→ **DATA TO USE**:
»»
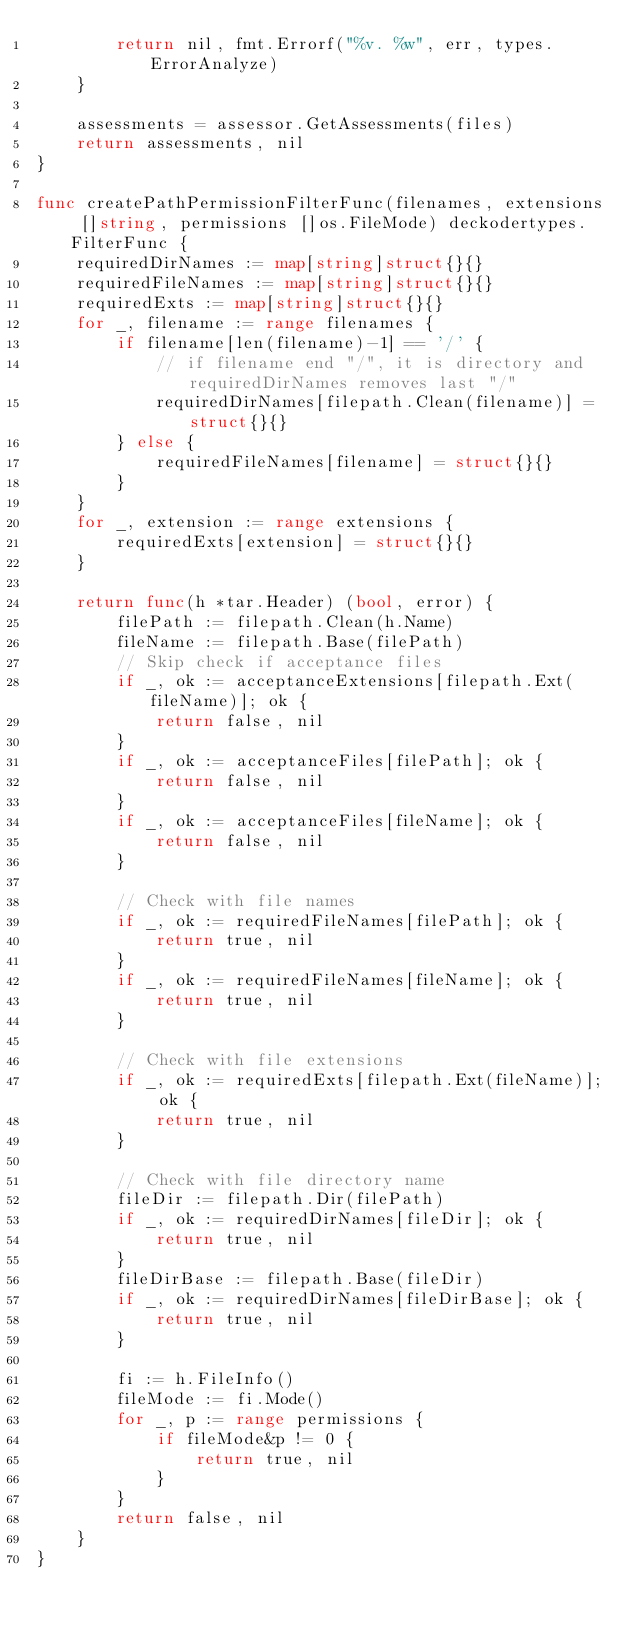Convert code to text. <code><loc_0><loc_0><loc_500><loc_500><_Go_>		return nil, fmt.Errorf("%v. %w", err, types.ErrorAnalyze)
	}

	assessments = assessor.GetAssessments(files)
	return assessments, nil
}

func createPathPermissionFilterFunc(filenames, extensions []string, permissions []os.FileMode) deckodertypes.FilterFunc {
	requiredDirNames := map[string]struct{}{}
	requiredFileNames := map[string]struct{}{}
	requiredExts := map[string]struct{}{}
	for _, filename := range filenames {
		if filename[len(filename)-1] == '/' {
			// if filename end "/", it is directory and requiredDirNames removes last "/"
			requiredDirNames[filepath.Clean(filename)] = struct{}{}
		} else {
			requiredFileNames[filename] = struct{}{}
		}
	}
	for _, extension := range extensions {
		requiredExts[extension] = struct{}{}
	}

	return func(h *tar.Header) (bool, error) {
		filePath := filepath.Clean(h.Name)
		fileName := filepath.Base(filePath)
		// Skip check if acceptance files
		if _, ok := acceptanceExtensions[filepath.Ext(fileName)]; ok {
			return false, nil
		}
		if _, ok := acceptanceFiles[filePath]; ok {
			return false, nil
		}
		if _, ok := acceptanceFiles[fileName]; ok {
			return false, nil
		}

		// Check with file names
		if _, ok := requiredFileNames[filePath]; ok {
			return true, nil
		}
		if _, ok := requiredFileNames[fileName]; ok {
			return true, nil
		}

		// Check with file extensions
		if _, ok := requiredExts[filepath.Ext(fileName)]; ok {
			return true, nil
		}

		// Check with file directory name
		fileDir := filepath.Dir(filePath)
		if _, ok := requiredDirNames[fileDir]; ok {
			return true, nil
		}
		fileDirBase := filepath.Base(fileDir)
		if _, ok := requiredDirNames[fileDirBase]; ok {
			return true, nil
		}

		fi := h.FileInfo()
		fileMode := fi.Mode()
		for _, p := range permissions {
			if fileMode&p != 0 {
				return true, nil
			}
		}
		return false, nil
	}
}
</code>
««
With the pictures left out, restate word for word every line of the data above, from the first down to the line that contains "return func(h *tar.Header)".

→ **SOLUTION FOR THIS PROBLEM**:
Convert code to text. <code><loc_0><loc_0><loc_500><loc_500><_Go_>		return nil, fmt.Errorf("%v. %w", err, types.ErrorAnalyze)
	}

	assessments = assessor.GetAssessments(files)
	return assessments, nil
}

func createPathPermissionFilterFunc(filenames, extensions []string, permissions []os.FileMode) deckodertypes.FilterFunc {
	requiredDirNames := map[string]struct{}{}
	requiredFileNames := map[string]struct{}{}
	requiredExts := map[string]struct{}{}
	for _, filename := range filenames {
		if filename[len(filename)-1] == '/' {
			// if filename end "/", it is directory and requiredDirNames removes last "/"
			requiredDirNames[filepath.Clean(filename)] = struct{}{}
		} else {
			requiredFileNames[filename] = struct{}{}
		}
	}
	for _, extension := range extensions {
		requiredExts[extension] = struct{}{}
	}

	return func(h *tar.Header) (bool, error) {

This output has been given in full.